NEW YORK – A new study published this week in Clinical Cancer Research found that NOTCH mutations downregulate NOTCH signaling and correlate with better responses to immune checkpoint inhibitor therapy in non-small cell lung cancer patients.
The research, led by Kai Zhang and Li Liu of Tongji Medical College at the Huazhong University of Science and Technology, also opens a path forward for future research investigating the effects of adding a NOTCH inhibitor to an immune checkpoint inhibitor regimen in NSCLC.
NOTCH signaling has been associated with tumor formation, mutation, and immune tolerance in NSCLC.
The team performed analysis on genomic, transcriptomic, and clinical data from public and private datasets of NSCLC patients who received immunotherapy, including cohorts from 3DMed, Hira Rizvi of Memorial Sloan Kettering Cancer Center, POPLAR/OAK, Eliezer Van Allen of the Dana Farber Cancer Institute, and Memorial Sloan Kettering Cancer Center.
The 3DMed cohort contained NSCLC patients treated with PD-1/PD-L1 inhibitors in the Wuhan Union Hospital who had genomic profiling of circulating tumor DNA before treatment. The Rizvi cohort contains 240 advanced NSCLC patients treated with anti-PD-1/PD-L1 monotherapy or combination therapy with anti-CTLA-4. Their tumor tissues were profiled with Memorial Sloan Kettering's MSK-IMPACT panel.
The POPLAR/OAK cohort contained 853 advanced NSCLC patients who had received chemotherapy from a Phase II and Phase III trial. All patients in the POPLAR/OAK trials had their ctDNA sequenced with Foundation Medicine's FoundationOne panel.

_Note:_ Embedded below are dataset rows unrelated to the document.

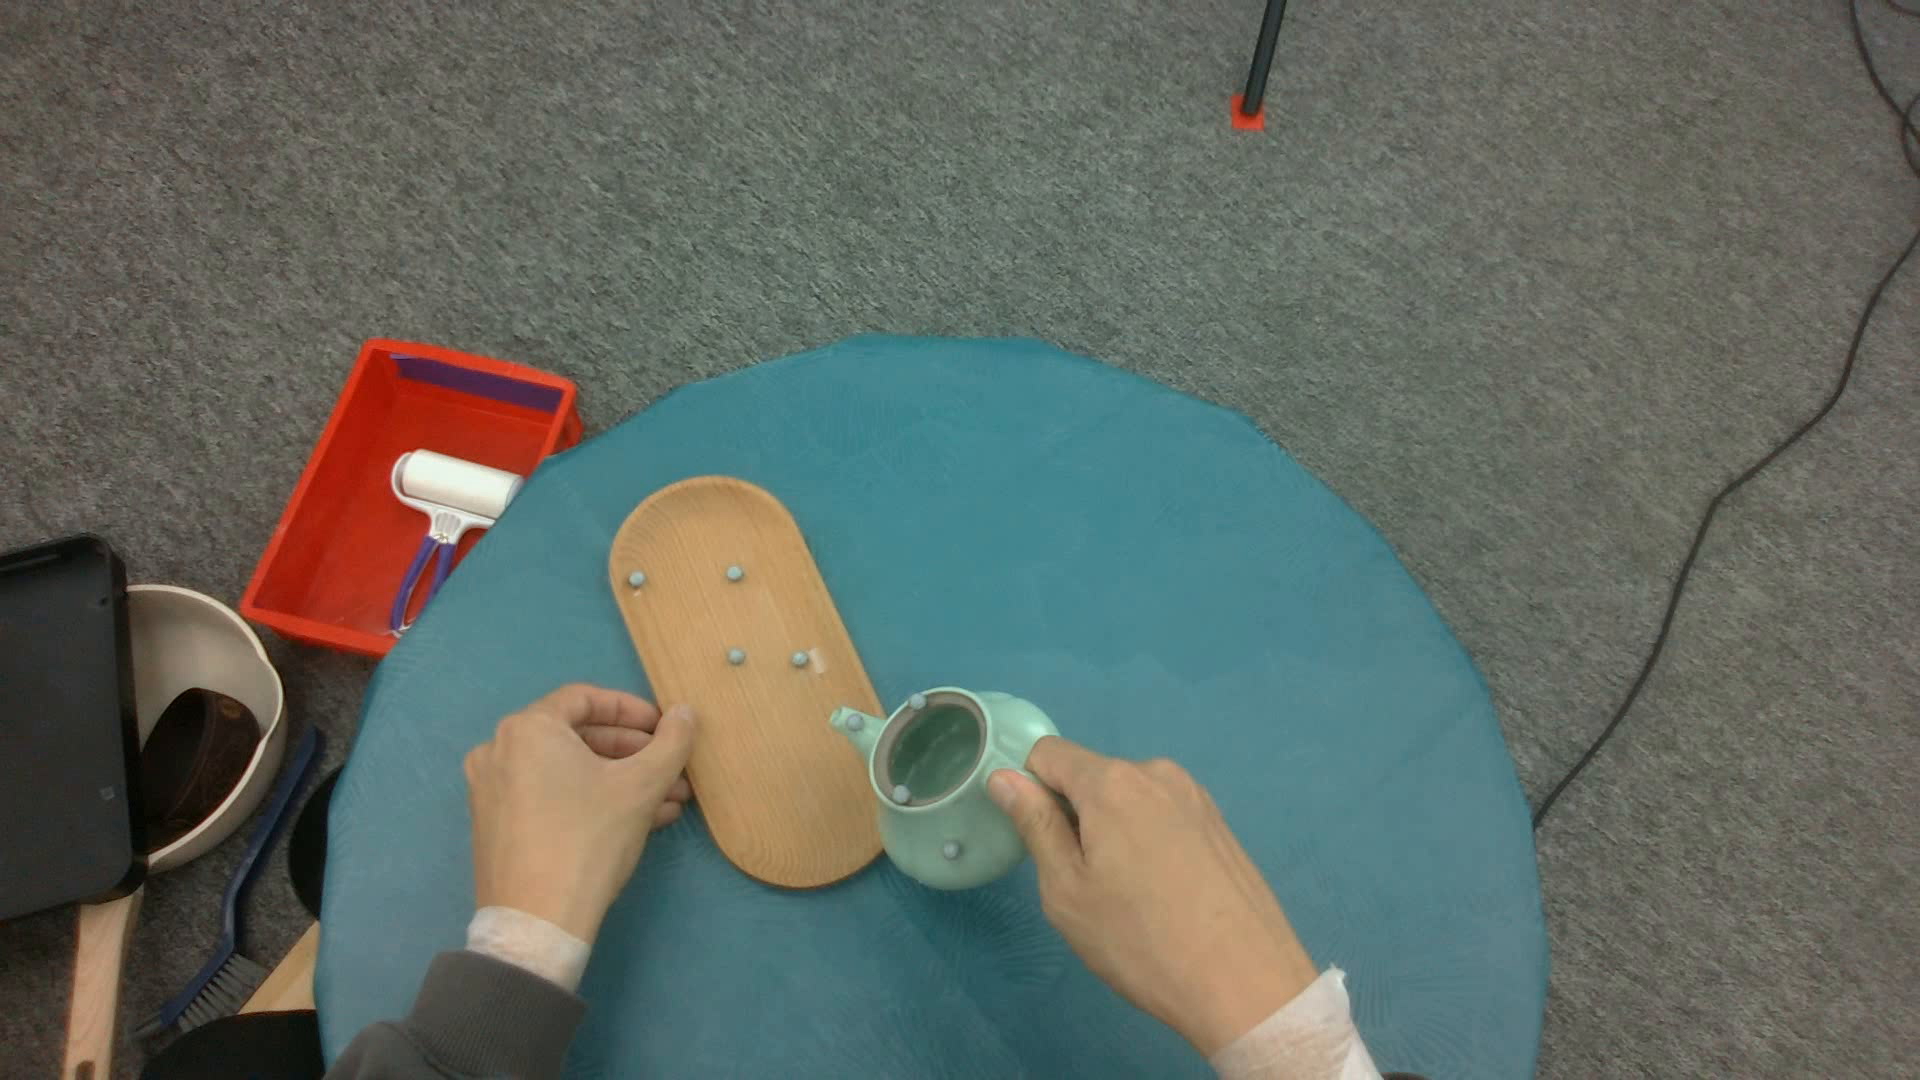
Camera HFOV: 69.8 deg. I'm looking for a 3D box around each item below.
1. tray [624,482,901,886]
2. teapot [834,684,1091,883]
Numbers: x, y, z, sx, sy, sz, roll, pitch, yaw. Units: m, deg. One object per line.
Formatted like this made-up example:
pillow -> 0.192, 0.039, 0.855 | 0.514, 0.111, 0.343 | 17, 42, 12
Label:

The Van Allen cohort consisted of 56 samples from NSCLC patients involved in research exploring the pan-cancer potential of immune checkpoint therapy in those with micro-satellite instability. Their tissues were profiled by whole-exome sequencing. The MSK cohort comprised 350 NSCLC patients involved in research to evaluate the relation between tumor mutational burden and overall survival on immunotherapy. Tumor tissues were profiled with MSK-IMPACT, a next-generation sequencing 468-gene panel developed by Memorial Sloan Kettering.

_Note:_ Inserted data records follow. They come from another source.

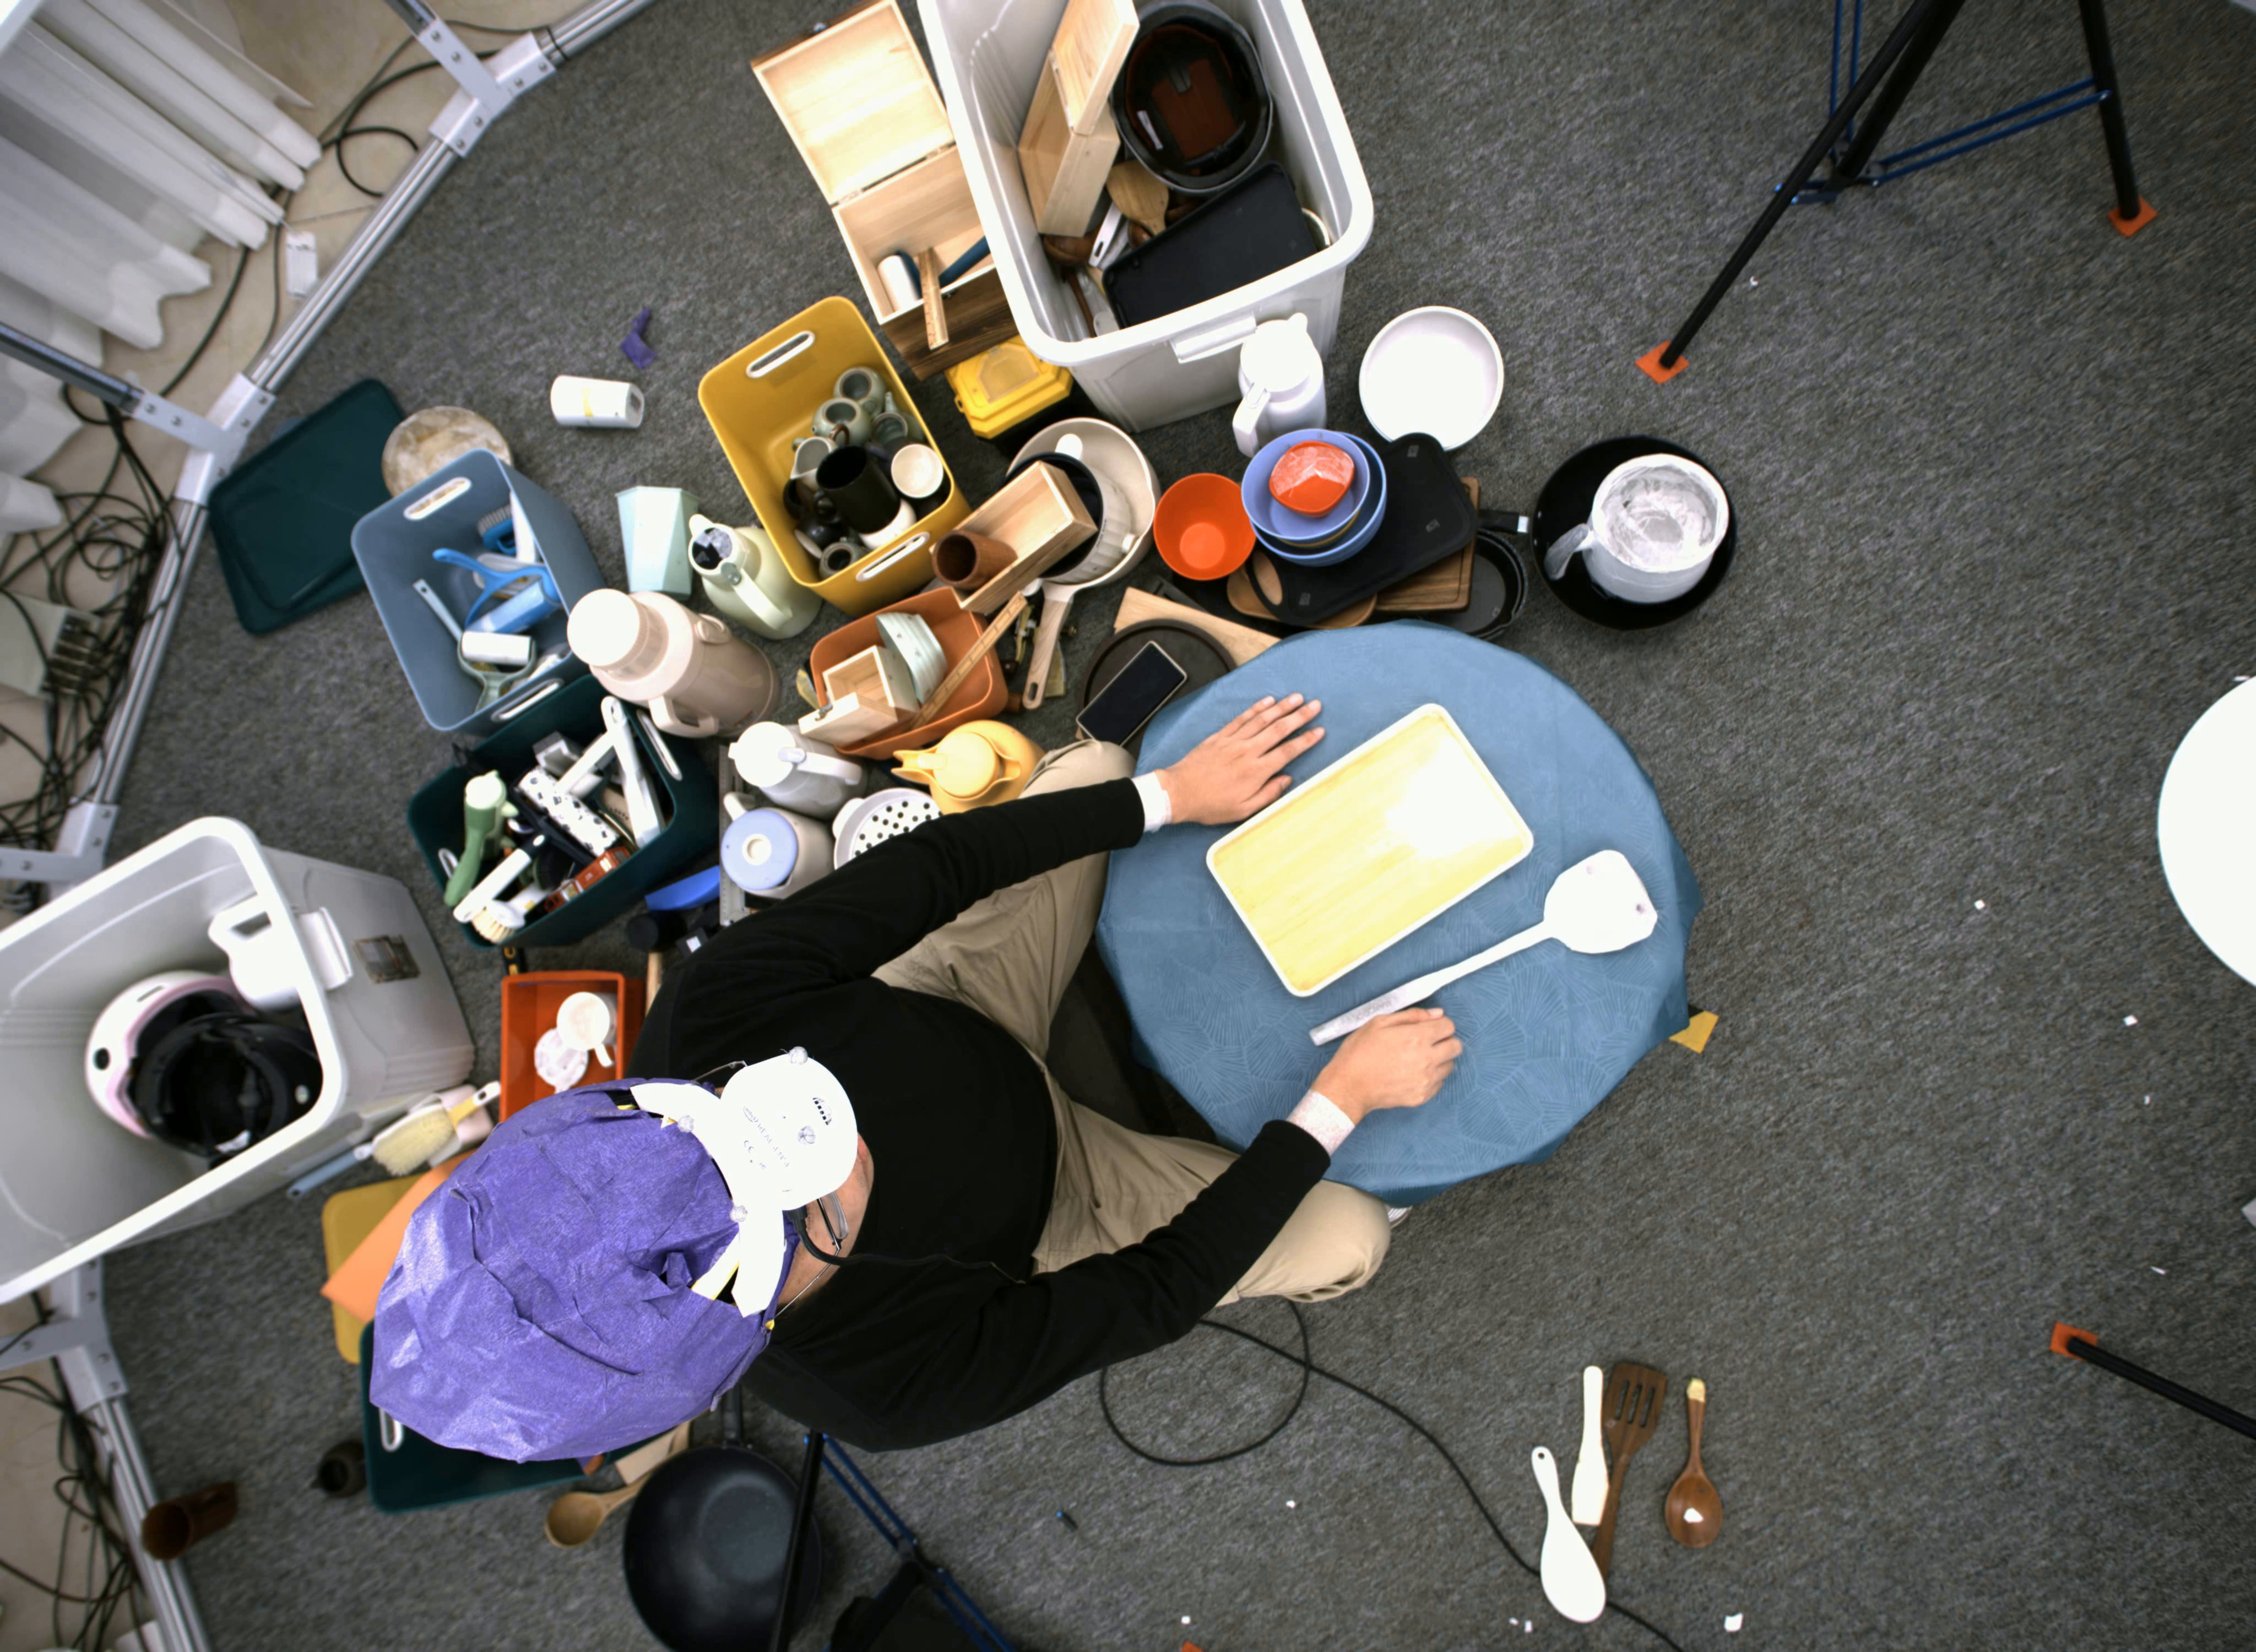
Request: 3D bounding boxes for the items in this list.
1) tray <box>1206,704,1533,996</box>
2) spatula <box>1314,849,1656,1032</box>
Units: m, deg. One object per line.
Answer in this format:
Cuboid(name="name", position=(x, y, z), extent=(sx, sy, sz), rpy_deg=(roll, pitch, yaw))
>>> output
Cuboid(name="tray", position=(0.252, 0.024, 1.452), extent=(0.302, 0.027, 0.190), rpy_deg=(-33, 82, 7))
Cuboid(name="spatula", position=(0.361, 0.136, 1.420), extent=(0.367, 0.045, 0.098), rpy_deg=(-26, 83, 8))

PD-L1 expression was assessed by a VENTANA PD-L1 assay, and the biological impact of the deleterious NOTCH mutation was assessed with the PolyPhen-2, a tool developed by Harvard University which predicts how damaging a mutation will be.
In the 3DMed cohort, researchers found that when patients harbored a mutation in NOTCH1/2/3, were wildtype for EGFR or ALK mutations, and received immunotherapy, they tended to have a higher overall response rate, (60.0 percent vs. 11.9 percent), longer progression-free survival, and better overall survival. NSCLC patients with EGFR or ALK driver mutations were excluded from further data analysis due to limited efficacy of immune checkpoint therapies in this population. This trend was mirrored in the other four cohorts. No significant relationship was found between NOTCH mutations and chemotherapy response.
Tumor mutational burden was higher in patients with NOTCH mutations, although there was no significant difference in tumor mutational burden between non-deleterious and deleterious mutations. However, in the patients with deleterious NOTCH mutations, researchers observed a higher activation of the DNA damage response system, suggesting that these patients have tumors that are more likely to mutate and respond better to immunotherapy.
Additionally, researchers found that patients with deleterious NOTCH mutations elicited more immune activity than patients who were NOTCH wildtype. This includes increased antigen presentation, BCR/TCR downstream signaling, heightened activation of CD4/CD8 T cells, natural killer T cells, and interleukin pathways.
The more active immune environment observed in these EGFR/ALK wildtype NSCLC patients with deleterious NOTCH mutations may be linked to a better immunotherapy response, the authors wrote, adding that deleterious NOTCH 1/2/3 mutations appear to be more predictive of response than non-deleterious mutations.